▸ ACTION ITEM:
Whatever lies between the line with "14) hair straightener [403,295,465,384]" and the end of the data, both included, must be copied exactly and without pictures.

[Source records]
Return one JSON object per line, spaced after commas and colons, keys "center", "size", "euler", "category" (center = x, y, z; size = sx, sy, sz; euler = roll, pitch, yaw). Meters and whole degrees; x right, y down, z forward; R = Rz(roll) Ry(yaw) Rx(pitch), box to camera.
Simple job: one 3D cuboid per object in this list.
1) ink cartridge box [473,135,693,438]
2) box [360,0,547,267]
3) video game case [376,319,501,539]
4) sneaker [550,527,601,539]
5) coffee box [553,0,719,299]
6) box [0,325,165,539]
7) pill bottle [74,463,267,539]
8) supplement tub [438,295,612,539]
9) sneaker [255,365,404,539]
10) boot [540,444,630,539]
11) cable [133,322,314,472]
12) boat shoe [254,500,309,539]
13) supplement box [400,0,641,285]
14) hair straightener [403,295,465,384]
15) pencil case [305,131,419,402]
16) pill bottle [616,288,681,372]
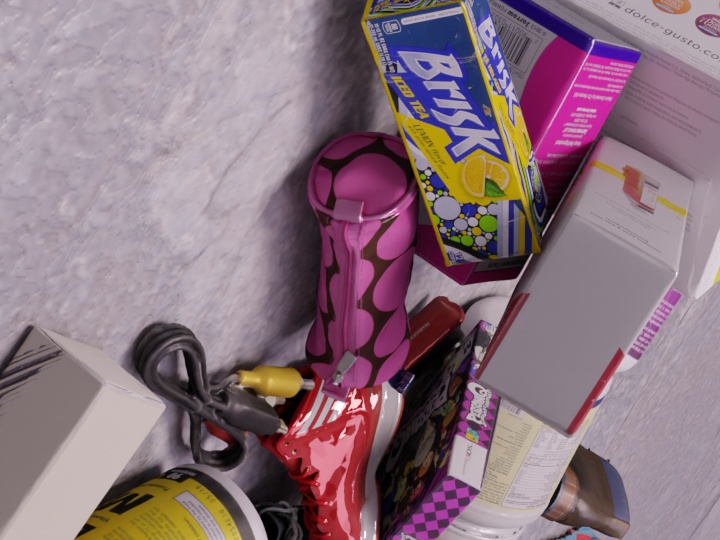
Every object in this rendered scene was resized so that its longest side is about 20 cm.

▸ TASK RESPONSE:
14) hair straightener [403,295,465,384]
15) pencil case [305,131,419,402]
16) pill bottle [616,288,681,372]
Every object in this rendered scene was resized so that its longest side is about 20 cm.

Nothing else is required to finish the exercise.